By Mallory McCall Staff Writer
Katie Newsome was on her way to the student center at Southern Methodist University when she came across a display table for the Wesley Foundation. She stopped to visit and was invited to a back-to-school cookout later that week.
Now a junior, she is the president of SMU’s Wesley Foundation, sings in the worship band, serves on the discipleship division of the leadership team and leads a women’s small group.
“I was open to being a part of any Christian campus ministry, but I was especially drawn to the Wesley Foundation because it had the same affiliation as my home church,” she said.
But for Ms. Newsome to stumble across a group of students wearing Wesley Foundation shirts at a United Methodist-affiliated school like SMU is a bit of an anomaly. The idea behind the Wesley Foundation ministry was to offer the church’s presence on a secular college or university campus.

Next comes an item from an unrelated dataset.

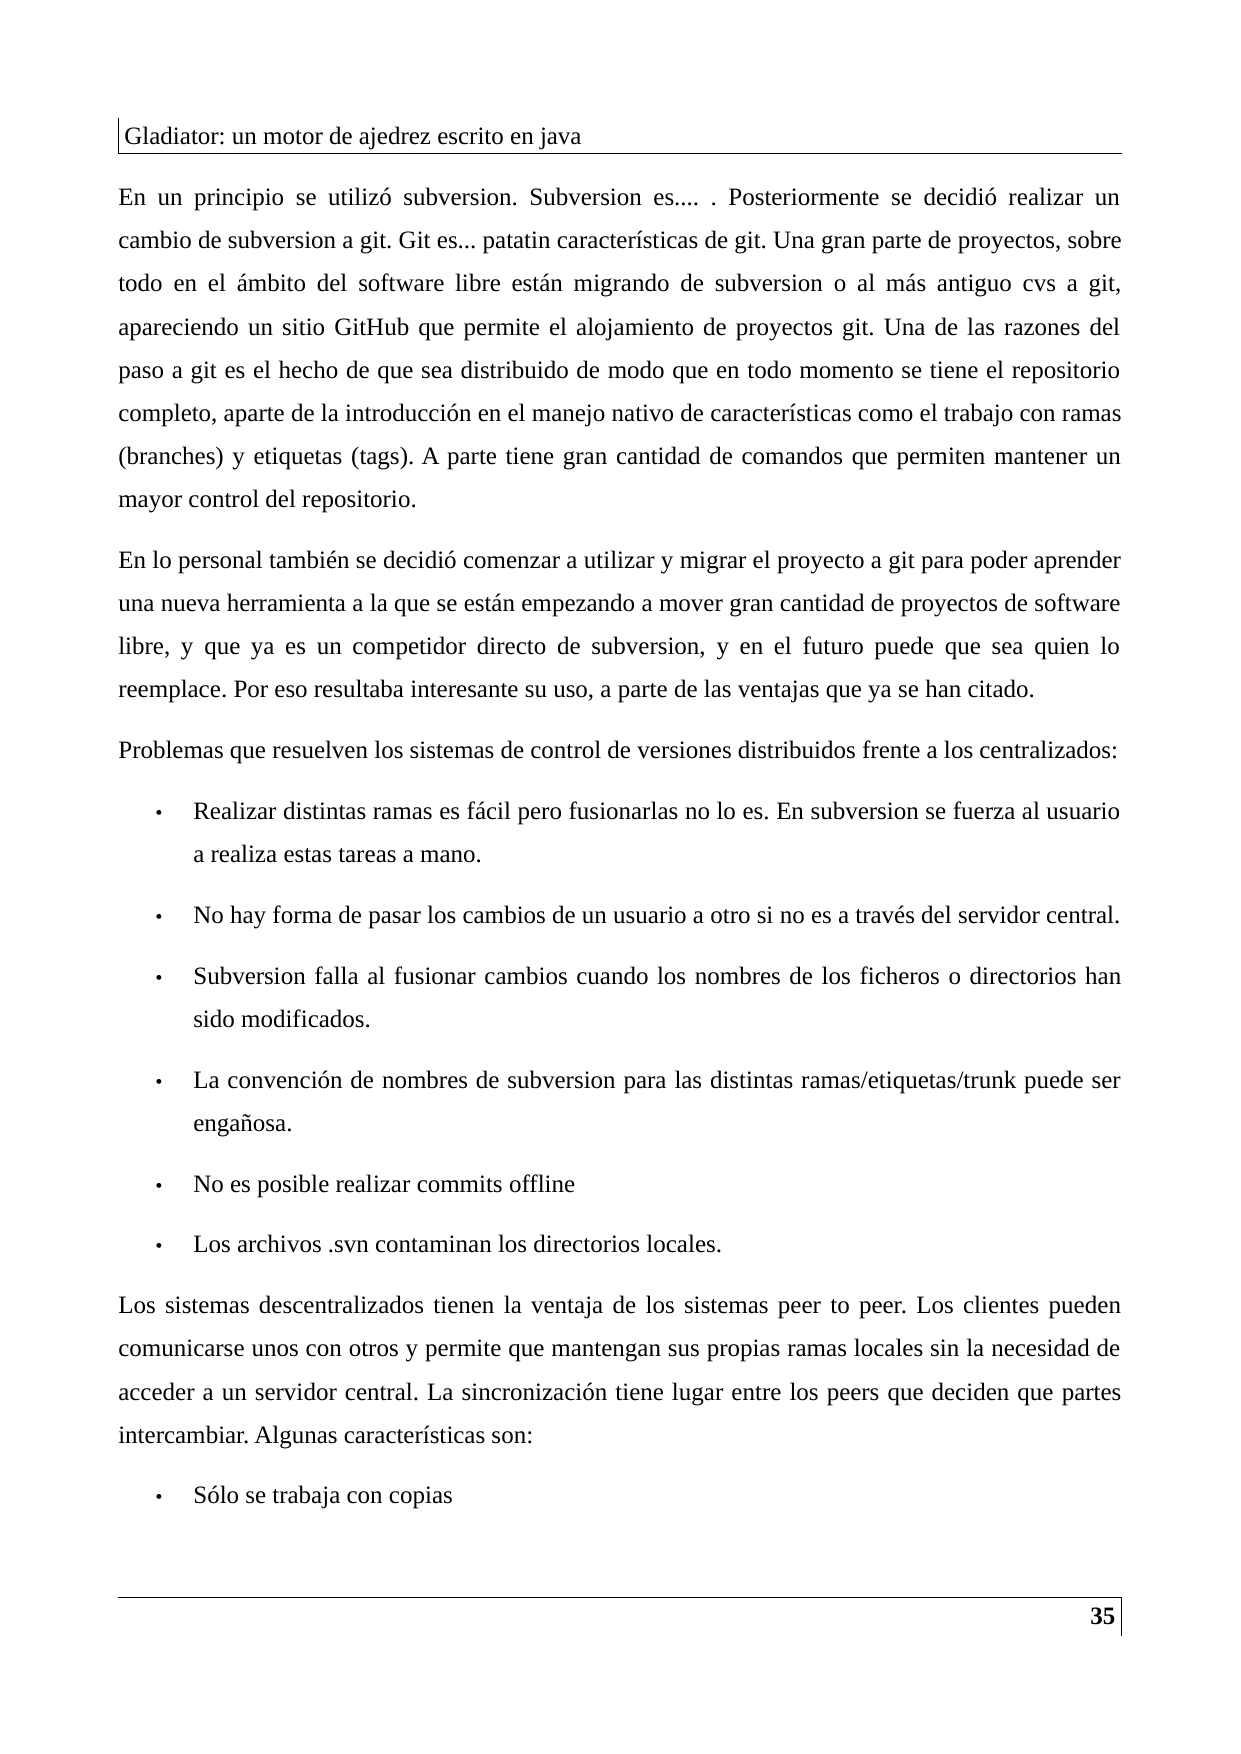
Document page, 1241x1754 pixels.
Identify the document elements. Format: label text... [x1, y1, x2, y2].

While most United Methodist-affiliated institutions offer a Wesleyan influence through chapel programs and classes, some United Methodists might think that in an increasingly secular age, even denominationally owned schools should have a Wesley Foundation of their own.
And some grassroots efforts, while they may not be official Wesley Foundations, have indeed helped provide a stronger spiritual support for students at United Methodist colleges and universities.
Wesleyan ministries
Technically, the Wesley Foundation at SMU is called “United Methodist Campus Ministry at SMU,” said the Rev. Andy Roberts, the director of SMU Wesley. “Several years ago, they started calling it the Wesley Foundation because they thought the name might be more recognizable to other students,” he added.

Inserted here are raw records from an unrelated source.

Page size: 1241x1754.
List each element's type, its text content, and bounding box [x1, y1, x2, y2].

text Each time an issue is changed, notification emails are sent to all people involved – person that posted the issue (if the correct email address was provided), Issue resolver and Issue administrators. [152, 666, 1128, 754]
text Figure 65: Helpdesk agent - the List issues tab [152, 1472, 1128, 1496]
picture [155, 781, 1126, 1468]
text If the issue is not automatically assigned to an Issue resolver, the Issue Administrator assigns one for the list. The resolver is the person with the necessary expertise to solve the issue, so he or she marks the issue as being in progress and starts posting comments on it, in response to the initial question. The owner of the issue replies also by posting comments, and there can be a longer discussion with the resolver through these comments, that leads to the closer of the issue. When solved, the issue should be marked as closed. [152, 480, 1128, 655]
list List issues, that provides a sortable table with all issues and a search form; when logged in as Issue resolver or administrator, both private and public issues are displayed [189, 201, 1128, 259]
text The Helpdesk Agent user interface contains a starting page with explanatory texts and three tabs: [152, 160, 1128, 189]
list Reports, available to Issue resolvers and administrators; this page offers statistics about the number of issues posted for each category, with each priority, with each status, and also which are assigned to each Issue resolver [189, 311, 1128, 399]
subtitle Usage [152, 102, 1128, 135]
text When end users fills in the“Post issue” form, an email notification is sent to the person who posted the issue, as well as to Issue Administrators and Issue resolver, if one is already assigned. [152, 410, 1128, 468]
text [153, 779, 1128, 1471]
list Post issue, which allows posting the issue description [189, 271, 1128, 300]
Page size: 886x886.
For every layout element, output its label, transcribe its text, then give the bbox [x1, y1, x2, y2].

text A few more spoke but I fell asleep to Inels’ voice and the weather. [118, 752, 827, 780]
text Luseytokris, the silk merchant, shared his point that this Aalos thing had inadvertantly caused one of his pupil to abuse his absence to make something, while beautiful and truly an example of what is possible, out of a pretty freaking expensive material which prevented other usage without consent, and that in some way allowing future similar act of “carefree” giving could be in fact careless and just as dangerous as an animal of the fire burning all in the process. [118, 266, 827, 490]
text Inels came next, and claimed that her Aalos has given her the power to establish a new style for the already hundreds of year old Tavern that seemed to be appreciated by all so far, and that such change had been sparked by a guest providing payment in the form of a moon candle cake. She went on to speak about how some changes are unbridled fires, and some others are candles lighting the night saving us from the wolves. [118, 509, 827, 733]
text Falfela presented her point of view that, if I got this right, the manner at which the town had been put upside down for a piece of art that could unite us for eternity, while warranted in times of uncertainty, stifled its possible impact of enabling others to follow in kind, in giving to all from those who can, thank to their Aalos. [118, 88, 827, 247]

The same is true at Wesleyan College in Macon, Ga., another United Methodist-affiliated school that has a Wesley Foundation.
Eight years ago, the Rev. Michael McCord, now director of campus ministry resources and training for the denomination’s General Board of Higher Education and Ministry, started the Wesley Foundation of Macon to serve three schools: Wesleyan College (an all-women’s college), Mercer College (a Baptist-affiliated school) and Macon State College (a predominantly commuter college).

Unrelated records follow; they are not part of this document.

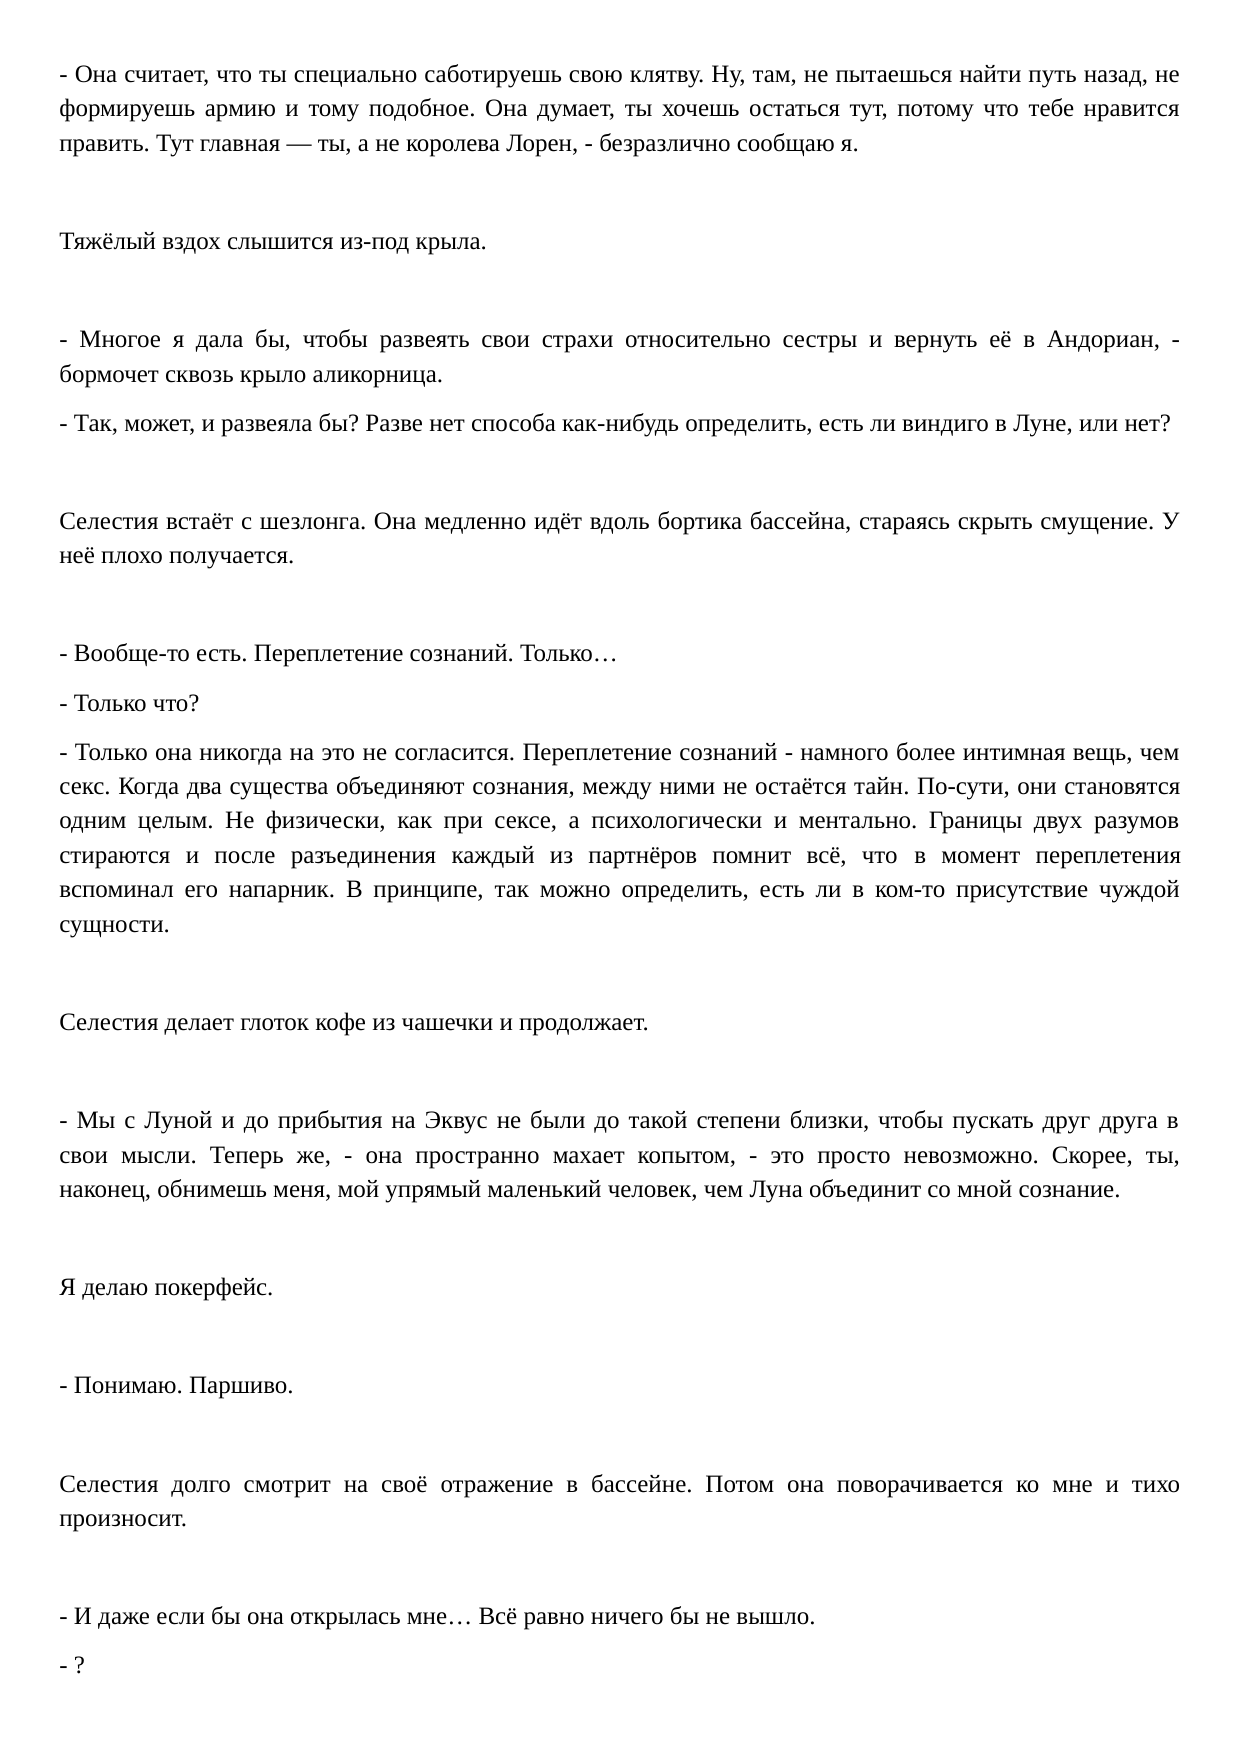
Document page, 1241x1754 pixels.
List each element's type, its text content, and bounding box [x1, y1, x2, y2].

text - Мы с Луной и до прибытия на Эквус не были до такой степени близки, чтобы пускать друг друга в свои мысли. Теперь же, - она пространно махает копытом, - это просто невозможно. Скорее, ты, наконец, обнимешь меня, мой упрямый маленький человек, чем Луна объединит со мной сознание. [59, 1105, 1181, 1203]
text - Только что? [59, 688, 1181, 716]
text - Она считает, что ты специально саботируешь свою клятву. Ну, там, не пытаешься найти путь назад, не формируешь армию и тому подобное. Она думает, ты хочешь остаться тут, потому что тебе нравится править. Тут главная — ты, а не королева Лорен, - безразлично сообщаю я. [59, 59, 1181, 157]
text - И даже если бы она открылась мне… Всё равно ничего бы не вышло. [59, 1601, 1181, 1630]
text Селестия делает глоток кофе из чашечки и продолжает. [59, 1007, 1181, 1036]
text - Вообще-то есть. Переплетение сознаний. Только… [59, 638, 1181, 667]
text - Только она никогда на это не согласится. Переплетение сознаний - намного более интимная вещь, чем секс. Когда два существа объединяют сознания, между ними не остаётся тайн. По-сути, они становятся одним целым. Не физически, как при сексе, а психологически и ментально. Границы двух разумов стираются и после разъединения каждый из партнёров помнит всё, что в момент переплетения вспоминал его напарник. В принципе, так можно определить, есть ли в ком-то присутствие чуждой сущности. [59, 737, 1181, 938]
text Тяжёлый вздох слышится из-под крыла. [59, 226, 1181, 255]
text - Многое я дала бы, чтобы развеять свои страхи относительно сестры и вернуть её в Андориан, - бормочет сквозь крыло аликорница. [59, 324, 1181, 387]
text Я делаю покерфейс. [59, 1272, 1181, 1301]
text Селестия встаёт с шезлонга. Она медленно идёт вдоль бортика бассейна, стараясь скрыть смущение. У неё плохо получается. [59, 506, 1181, 569]
text - Понимаю. Паршиво. [59, 1371, 1181, 1399]
text - ? [59, 1650, 1181, 1679]
text - Так, может, и развеяла бы? Разве нет способа как-нибудь определить, есть ли виндиго в Луне, или нет? [59, 408, 1181, 437]
text Селестия долго смотрит на своё отражение в бассейне. Потом она поворачивается ко мне и тихо произносит. [59, 1469, 1181, 1532]

Wesleyan College already had a Wesleyan Christian Fellowship, and United Methodist students didn’t want to confuse anyone by naming their ministry Wesley Fellowship. To distinguish between the two ministries they created a Wesley Foundation.
Bishop James C. Baker founded the first Wesley Foundation at the University of Illinois in 1913 as a place for worship, a school for religious education, a home away from home, a laboratory for training lay leaders in church activities, and a recruiting station for the ministry, including missionary work at home and abroad.
The name Wesley Foundation honors John Wesley, the founder of Methodism and the first campus minister at Oxford University, and represents an open movement—an ecumenical movement available to all students.
“The heart of campus ministry is to raise up leaders and to provide an opportunity for students to encounter Christ’s transformational power,” says Mr. McCord. “But how that looks and feels on a campus is very different from campus to campus.”
Similar ministries
At Hendrix College, a United Methodist-affiliated school in Conway, Ark., students won’t find a Wesley Foundation or any specific United Methodist campus ministry.
While a Wesley Foundation represents the voice of United Methodist students on a secular campus, at a United Methodist institution, the school itself is the voice of the church, said the Rev. Wayne Clark, chaplain at Hendrix College. The programs that the chaplain’s office offers to nurture religious life on campus are similar to—if not more than—the things a Wesley Foundation does, he added.
“Wesley Foundation is such a brand name,” said Mr. Clark. “We may not have the name, but we certainly have all the components that make up a Wesley Foundation.”
Hendrix’s Miller Center for Vocation, Ethics and Calling and the chaplain’s office organize, fund and oversee retreats, worship services, mission trips, service projects and discussion groups that help shape students theologically.
And while there is no specific United Methodist campus ministry at Hendrix, there is an active group of United Methodist students.
The United Methodist Youth Fellowship (UMYF) Leadership Scholars is a select group of about 50 students who provide significant leadership in local church, district and conference youth ministries of the United Methodist Church, and who demonstrate Christian leadership on the Hendrix campus.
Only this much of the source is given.